The Statute of the Autonomous Province of Vojvodina[33] also does not provide for a legal norm establishing the tax sovereignty of this territory. Moreover, these issues are not mentioned in Art. 31 of the Statute, which lists the competences of the legislative body of the autonomy – the Assembly of the Autonomous Province of Vojvodina.

3.6. THE FAROE ISLANDS

The Danish Constitution[34] only regulates the issues of autonomy of the Faroes in a few places. The constitution does not devote a separate article to them, but indicates their rights in several places (e.g. regarding representation in the Folketing – Art. 28, 32(5); principles of conducting referenda – Art. 42 par. 8).
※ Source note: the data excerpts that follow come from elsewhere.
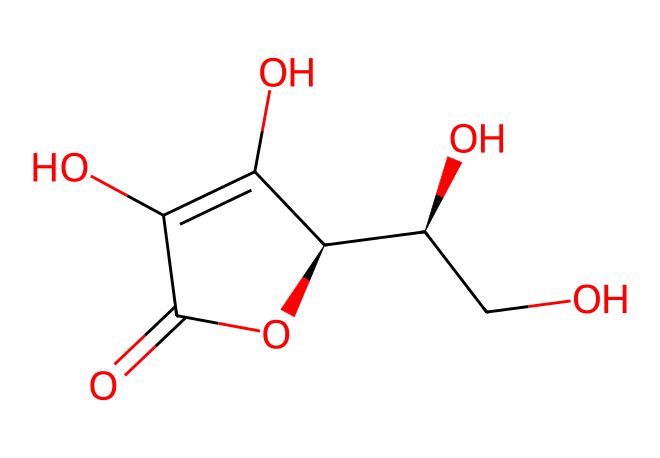What is the name of this chemical? The SMILES representation corresponds to ascorbic acid, commonly known as vitamin C. This is identified through the structure that includes multiple hydroxyl groups and a lactone ring.
Answer: ascorbic acid How many carbon atoms are present in this structure? The structure shows a total of 6 carbon atoms, visible in the skeletal formula representation. Each carbon is typically linked to functional groups or other carbon atoms.
Answer: six What is the chemical formula of this compound? The formula can be determined by counting the number of each type of atom in the structure: there are 6 carbon atoms, 8 hydrogen atoms, and 6 oxygen atoms, leading to the formula C6H8O6.
Answer: C6H8O6 What is the functional group that suggests this is an antioxidant? The presence of multiple hydroxyl (–OH) groups indicates that this compound has antioxidant properties because these groups can donate electrons and neutralize free radicals.
Answer: hydroxyl group What type of molecule is this? The structure reveals that this compound is a vitamin due to its classification, specifically as an antioxidant vitamin. Molecules like ascorbic acid play a vital role in protecting cells from oxidative stress.
Answer: vitamin Does this compound contain any double bonds? Yes, the structure contains double bonds, which can be identified in the lactone ring and the presence of the carbonyl group. This inform the reactivity and stability of the molecule.
Answer: yes How many hydroxyl groups are present in this chemical? The structure contains four hydroxyl groups, visible from the branching and functional groups indicated in the SMILES representation, which significantly contribute to its solubility and reactivity.
Answer: four

The Home Rule Act of the Faroe Islands[35] clarifies the status of the Faroe Islands not as an “autonomy” but as a “self-governing community within the Danish Kingdom” (Section 1). According to this legal act, the Faroe Islands take over certain affairs and fields of affairs from the State. The Faroese Home Government can decide that all or some of these of affairs and fields of affairs shall be transferred at once to the Home Government, with the consequence that the expenses involved are born by the same. With the same consequence the Home Government can decide at a later state that affairs and fields of affairs in the list which are not transferred at once, shall be transferred to the Home Government. In similar manner, it is the duty of the Home Government to take over affairs and fields of affairs enumerated in the list when the state authorities wish it to do so (Section 2). What is more, the Home Government in case of affairs and fields of affairs has the legislative and administrative authority (Section 4).
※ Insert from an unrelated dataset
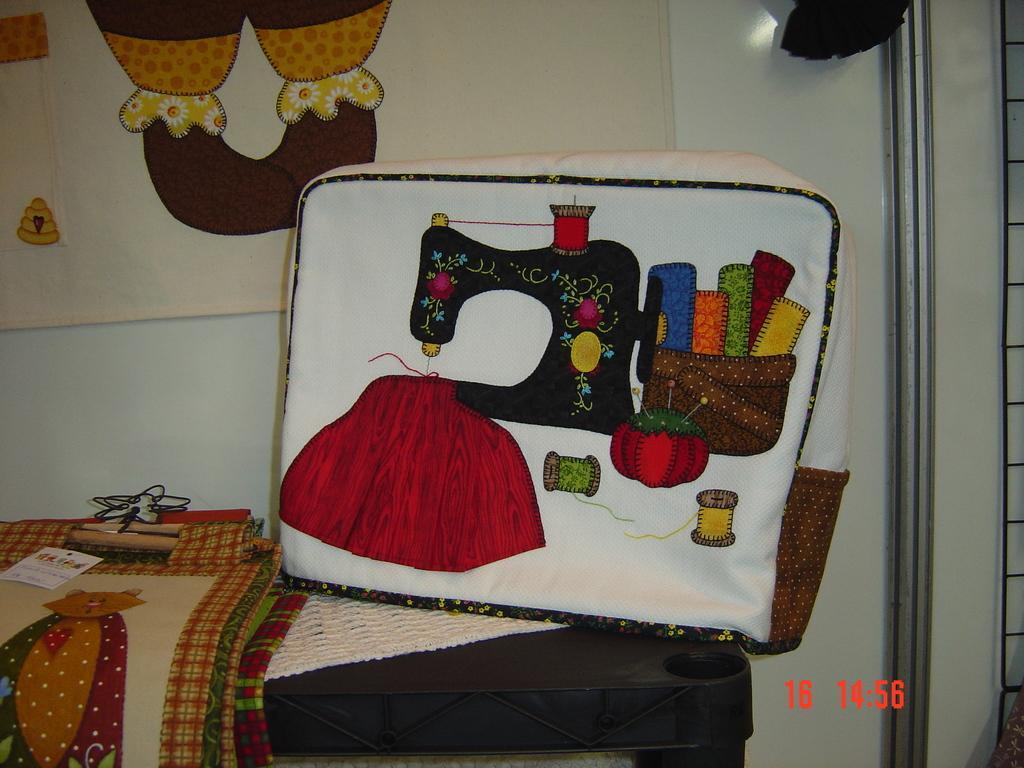Describe this image in one or two sentences. In this image, we can see a table in front of the wall contains some bags. There is a designed cloth at the top of the image. 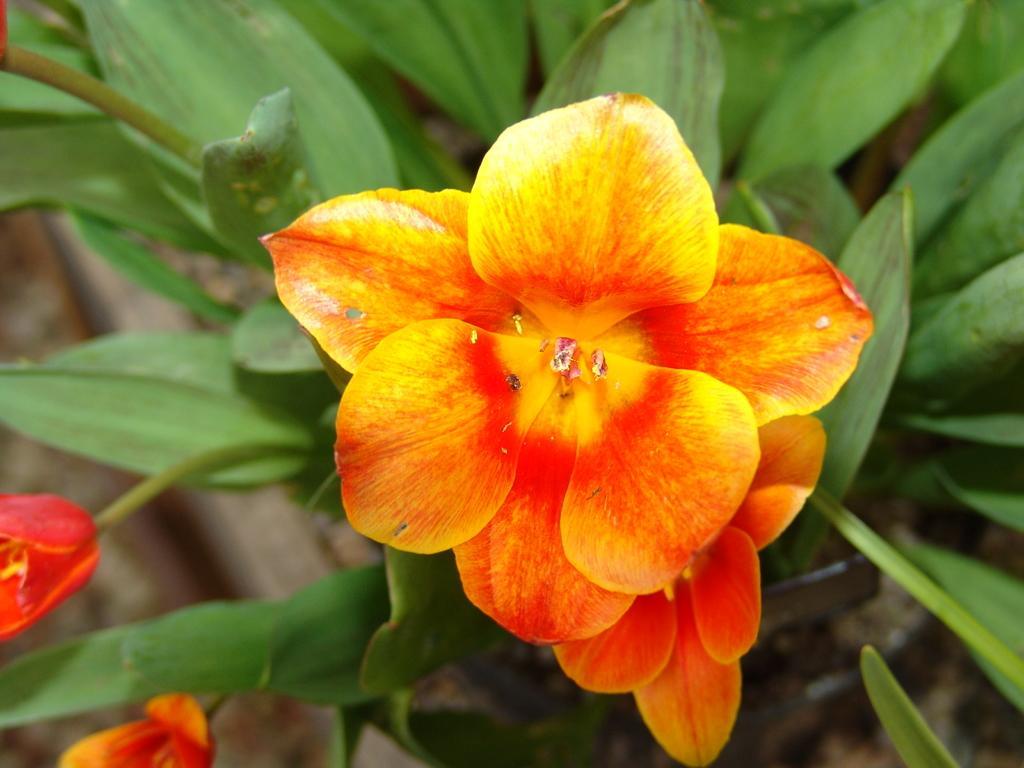Describe this image in one or two sentences. Here we can see a plant with flowers.

Some of these “Special Faroese Affairs” include: municipal affairs including: local government administration, supervision and taxation (List A, point 2), and direct and indirect taxes, including: stamp duties, totalised duties, duties on special Faroese lottery. Handling charges such as legal fees and land registration fees shall accrue to the authority which defrays the cost of the institution concerned (List A, point 6).
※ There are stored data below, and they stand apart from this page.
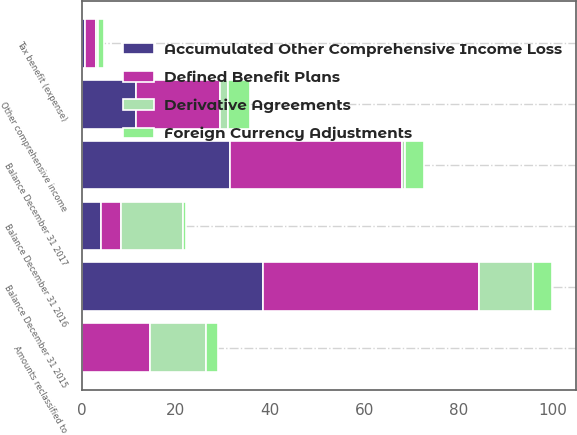Convert chart. <chart><loc_0><loc_0><loc_500><loc_500><stacked_bar_chart><ecel><fcel>Balance December 31 2015<fcel>Other comprehensive income<fcel>Amounts reclassified to<fcel>Tax benefit (expense)<fcel>Balance December 31 2016<fcel>Balance December 31 2017<nl><fcel>Accumulated Other Comprehensive Income Loss<fcel>38.5<fcel>11.5<fcel>0<fcel>0.6<fcel>4.15<fcel>31.6<nl><fcel>Derivative Agreements<fcel>11.5<fcel>1.7<fcel>11.9<fcel>0.5<fcel>13.2<fcel>0.6<nl><fcel>Foreign Currency Adjustments<fcel>4.1<fcel>4.7<fcel>2.6<fcel>1.3<fcel>0.6<fcel>4.2<nl><fcel>Defined Benefit Plans<fcel>45.9<fcel>17.9<fcel>14.5<fcel>2.4<fcel>4.15<fcel>36.4<nl></chart> 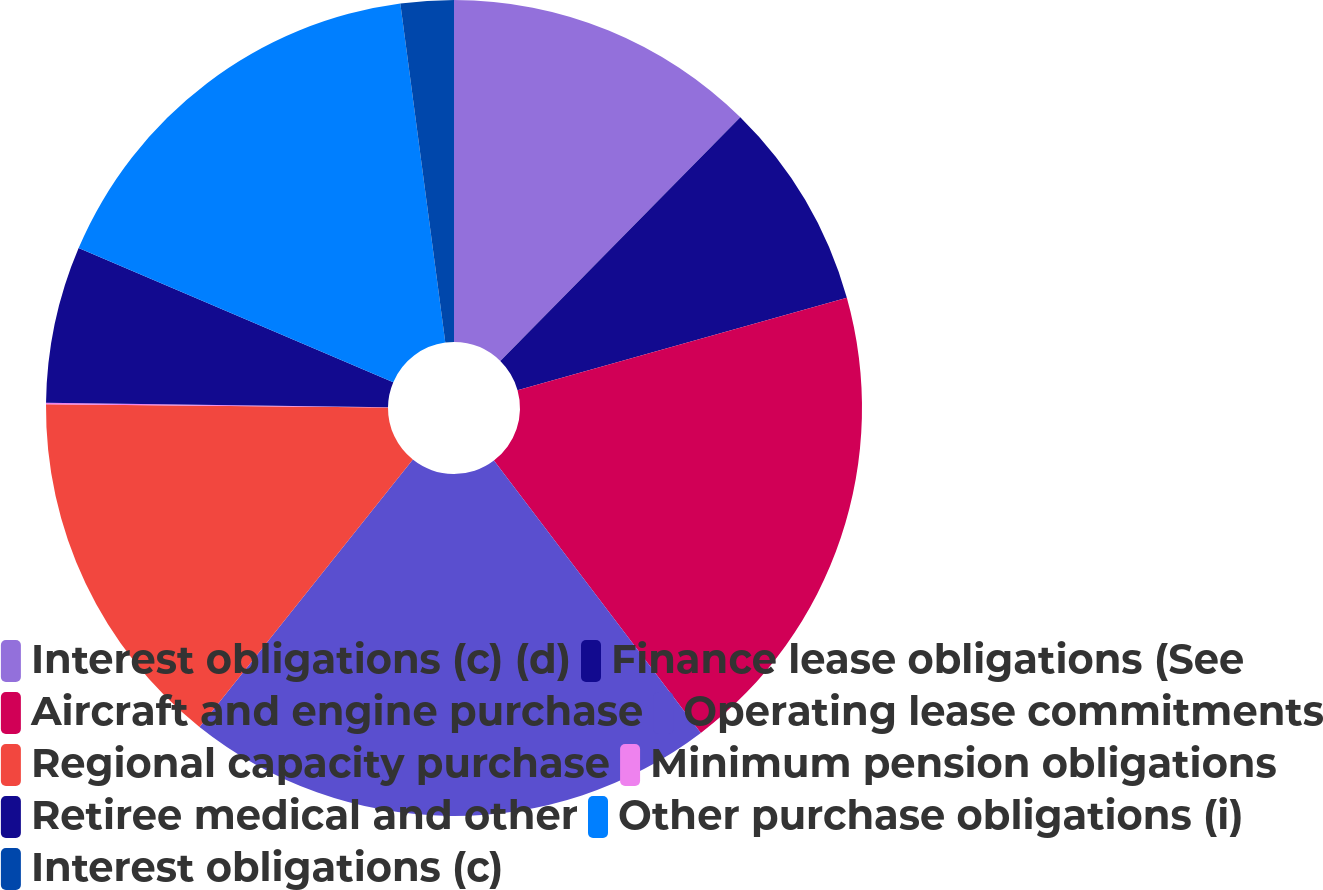Convert chart. <chart><loc_0><loc_0><loc_500><loc_500><pie_chart><fcel>Interest obligations (c) (d)<fcel>Finance lease obligations (See<fcel>Aircraft and engine purchase<fcel>Operating lease commitments<fcel>Regional capacity purchase<fcel>Minimum pension obligations<fcel>Retiree medical and other<fcel>Other purchase obligations (i)<fcel>Interest obligations (c)<nl><fcel>12.38%<fcel>8.27%<fcel>19.01%<fcel>21.06%<fcel>14.43%<fcel>0.05%<fcel>6.21%<fcel>16.49%<fcel>2.1%<nl></chart> 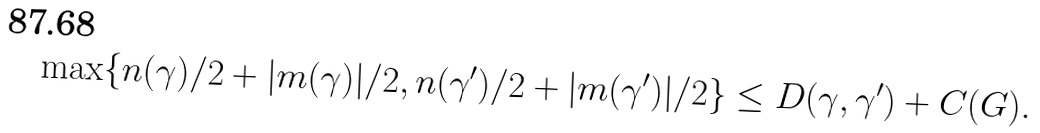Convert formula to latex. <formula><loc_0><loc_0><loc_500><loc_500>\max \{ n ( \gamma ) / 2 + | m ( \gamma ) | / 2 , n ( \gamma ^ { \prime } ) / 2 + | m ( \gamma ^ { \prime } ) | / 2 \} \leq D ( \gamma , \gamma ^ { \prime } ) + C ( G ) .</formula> 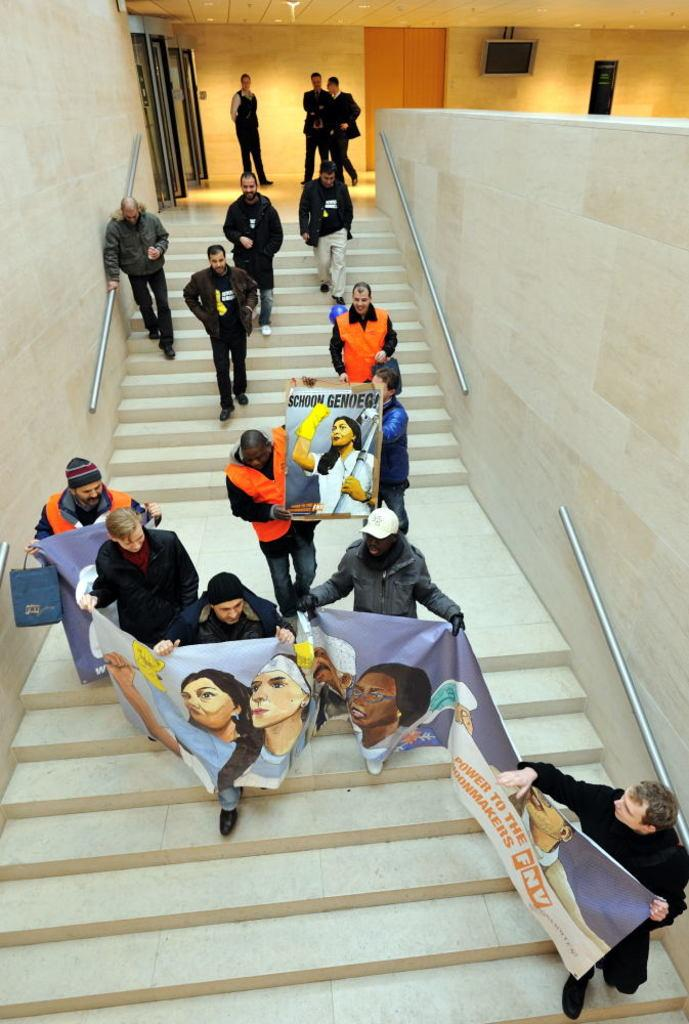What is happening with the people in the image? The people in the image are getting down the stairs. What are the people holding in the image? The people are holding a placard and a banner. What can be seen in the background of the image? There is a building in the image. Are there any other people in the image besides those getting down the stairs? Yes, there are people standing in the image. What is the acoustics like in the image? The provided facts do not mention anything about the acoustics in the image, so it cannot be determined. How does the brother feel about the situation in the image? There is no mention of a brother or any emotions in the image, so it cannot be determined.

The Home Act Rule does not contain provisions for amending this act. It should be noted that the Home Rule Act was passed by the Danish Parliament with the approval of this act by the Faroese Parliament.

3.7. CRIMEA

The Constitution of Ukraine[36] regulates the autonomy of Crimea in a number of places. According to Article 133(1), the system of administrative and territorial structure of Ukraine is composed of the Autonomous Republic of Crimea, oblasts, districts, cities, city districts, settlements, and villages. Other provisions of the constitution concern, inter alia, Crimea as an integral part of Ukraine (Article 134); stressing that Crimea has its own Constitution adopted by the Verkhovna Rada of Autonomy and approved by the Verkhovna Rada of Ukraine by at least half of its constitutional composition (Article 135(1)); the prohibition of non-conformity of normative acts of the autonomy with the Constitution of Ukraine and laws of Ukraine (Article 135(2)); the identification of the authorities of Crimea (Articles 136, 139); the competences of the Autonomy (Articles 137 and 138).

It should be emphasised that pursuant to Art. 138 sec. 1 point 4 of the Constitution of Ukraine, it is the responsibility of Crimea to develop, adopt, and implement the budget of the Autonomy in accordance with the tax and budget policy of Ukraine. In turn, Art. 138 sec. 2 of the Constitution provides that the laws of Ukraine may add other powers to the Autonomy.

The Constitution of the Autonomous Republic of Crimea[37] defines Crimea’s tax sovereignty in several places. The most important of them is Art. 18 sec. 1 point 14 of this act, according to which, the powers of the Autonomy shall include: fixing, under Ukrainian legislation, revenues forming the budget of the Autonomous Republic of Crimea; securing the implementation of the same; conducting experiments in taxation sphere; fixing local taxes and fees; as well as patenting specific activities and, in general, exercise of such other powers in budget and taxation sphere, as provided for by Ukrainian laws.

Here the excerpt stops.